L’Agence nationale de sécurité sanitaire a publié hier un avis reposant sur quatre années d’enquête et d’auditions sur l’hypersensibilité électromagnétique. Elle y souligne la « grande complexité » de la question, qui confronte les souffrances réelles des personnes affectées et l’absence de « preuve expérimentale solide » permettant de d’établir que les ondes électromagnétiques sont à l’origine de ces troubles. L’agence propose des pistes pour améliorer la prise en charge des personnes se déclarant électro-hypersensibles, mais aussi amplifier les recherches sur le sujet.
Qu’est-ce que l’électro-hypersensibilité ?
L’Anses reprend pour son travail la définition de l’Organisation mondiale de la santé, qui repose sur trois critères :
- la perception par les sujets de symptômes fonctionnels divers non spécifiques (troubles du sommeil, maux de tête, symptômes cutanés, etc.). Les symptômes les plus souvent observés sont la fatigue et les troubles du sommeil.
- l’absence d’évidences clinique et biologique permettant d’expliquer ces symptômes
- l’attribution, par les sujets eux-mêmes, de ces symptômes à une exposition à des champs électromagnétiques, eux-mêmes diversifiés
Un descriptif qui recouvre une large palette de situations, pour lesquelles des critères de diagnostic fiables n’ont pas encore pu être établis. L’Anses souligne ainsi qu’« actuellement, la seule possibilité pour définir l’EHS repose (…) sur l’autodéclaration ».
Exposition aux ondes et EHS : pas de preuve
Concrètement, pour faire valoir les problèmes qu’elles rencontrent, les personnes hyper électro-sensibles ne peuvent donc compter que sur leurs témoignages. Il n’est pas pour autant question de le remettre en cause : « les plaintes (douleurs, souffrance ) formulées par les personnes se déclarant EHS correspondent à une réalité vécue », affirme ainsi l’Anses. Tout comme l'isolement psycho-social, voire les situations d'anxiété et de dépression qui peuvent en découler.
Toute la difficulté est d’appuyer ces signalements par une approche scientifique. Et en l’état des recherches, « aucune preuve expérimentale solide ne permet actuellement d’établir un lien de causalité entre l’exposition aux champs électromagnétiques et les symptômes décrits par les personnes se déclarant EHS », souligne l’agence dans son avis.
Une prise en charge adaptée pour les personnes EHS
Il ne s’agit pas pour autant de baisser les bras face à ces phénomènes que l’on peine aujourd’hui à expliquer. L’Anses liste ainsi un certain nombre de recommandations à destinations des divers parties concernées. D’une part, elle propose plusieurs pistes pour « amplifier l’effort de recherche sur le sujet » : outre la définition de différents axes de recherche, elle suggère aux pouvoirs publics de pérenniser les financements dédiés à la recherche sur cette question et de « soutenir la mise en place d’infrastructures de recherche adaptées ».

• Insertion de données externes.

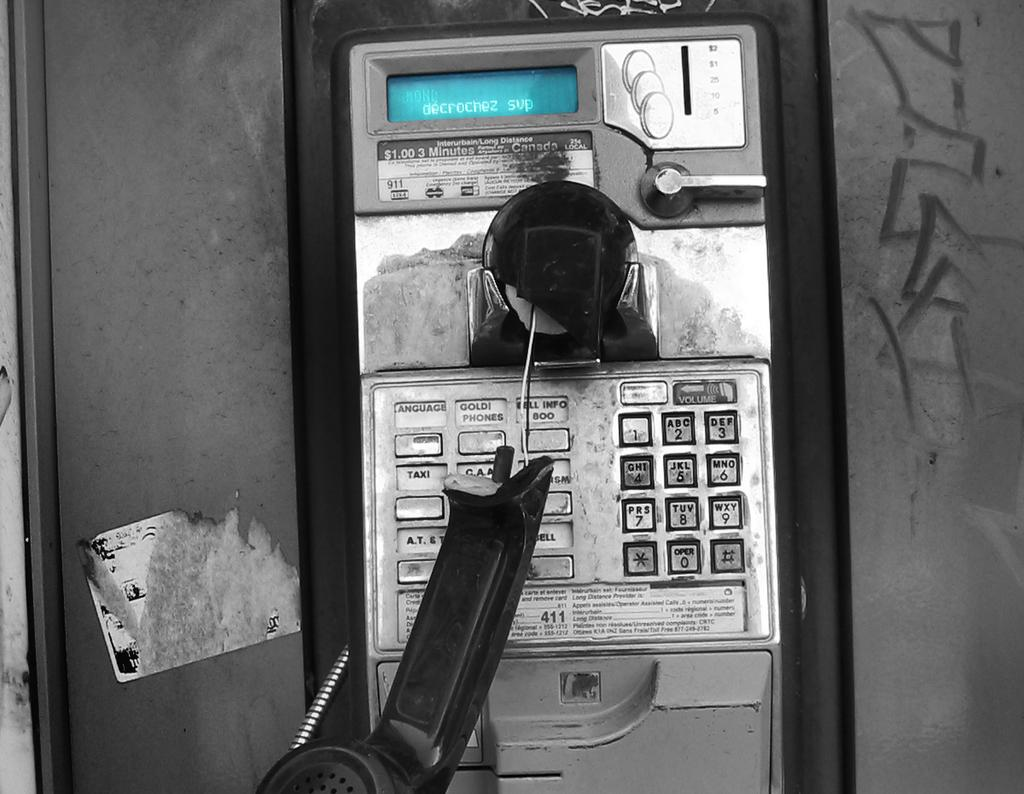<image>
Create a compact narrative representing the image presented. A broken pay phone says $1.00 for 3 minutes. 
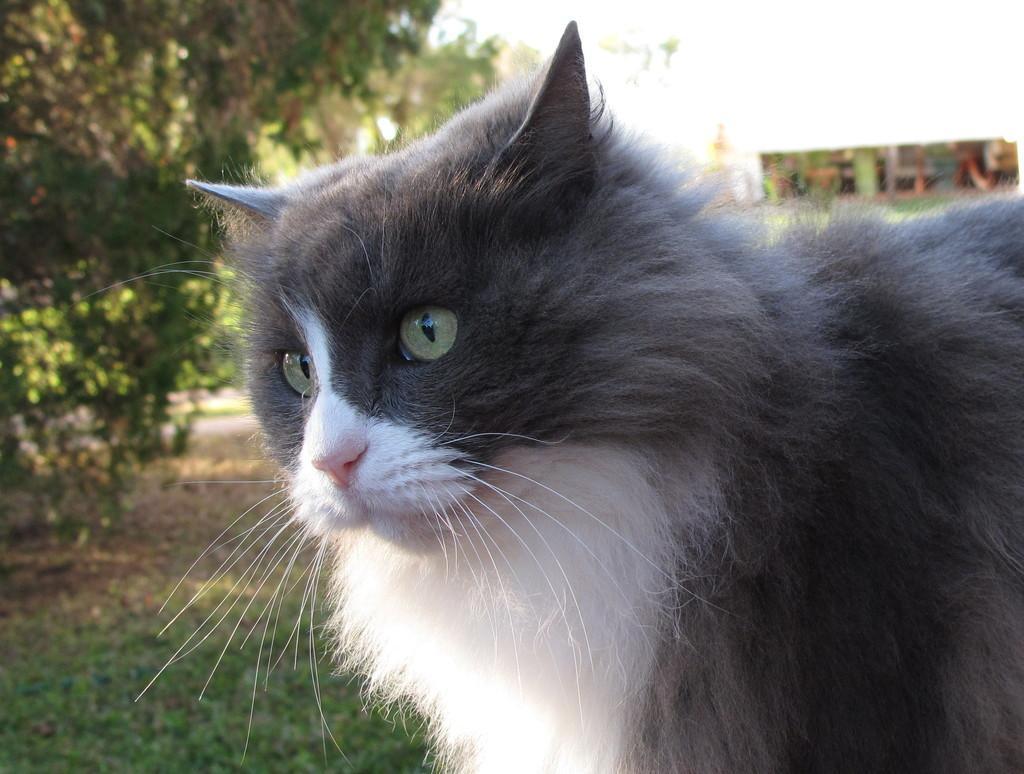Describe this image in one or two sentences. In this image there is a cat, at the bottom there is grassland, in the top left there is a tree.

Par ailleurs, pour améliorer la prise en charge des personnes électro-hypersensibles, l’agence formule un certain nombre de recommandations, à commencer par « la formation des médecins sur la problématique des effets des radiofréquences sur la santé et mettre à leur disposition des informations leur permettant de répondre aux attentes des personnes se déclarant EHS ».
Créer des espaces « zones blanches » ?
L’Anses réitère au passage certaines recommandations portant sur la réduction des niveaux d’exposition pour l’ensemble de la population :
- « peser avec soin les conséquences d’un éventuel abaissement des niveaux d’exposition induits par les antennes-relais de téléphonie mobile »
- « étudier le lien entre la multiplication du nombre d’antennes et l’augmentation parallèle possible de la valeur moyenne de l’exposition »
Parallèlement, l’Anses se penche sur le cas des zones blanches. Constatant que ces dernières sont « amenées à disparaître » pour répondre aux attentes de la population et aux exigences du régulateur des télécoms (l’Arcep) en matière de couverture mobile, l’Anses retient une « alternative envisageable » : la création de bâtiments ou d’espaces dédiés aux personnes EHS, comme cela a pu être fait en Suisse ou en Suède. « Avant toute nouvelle décision, une évaluation coût-bénéfice des expériences existantes est nécessaire », prévient toutefois l’Agence.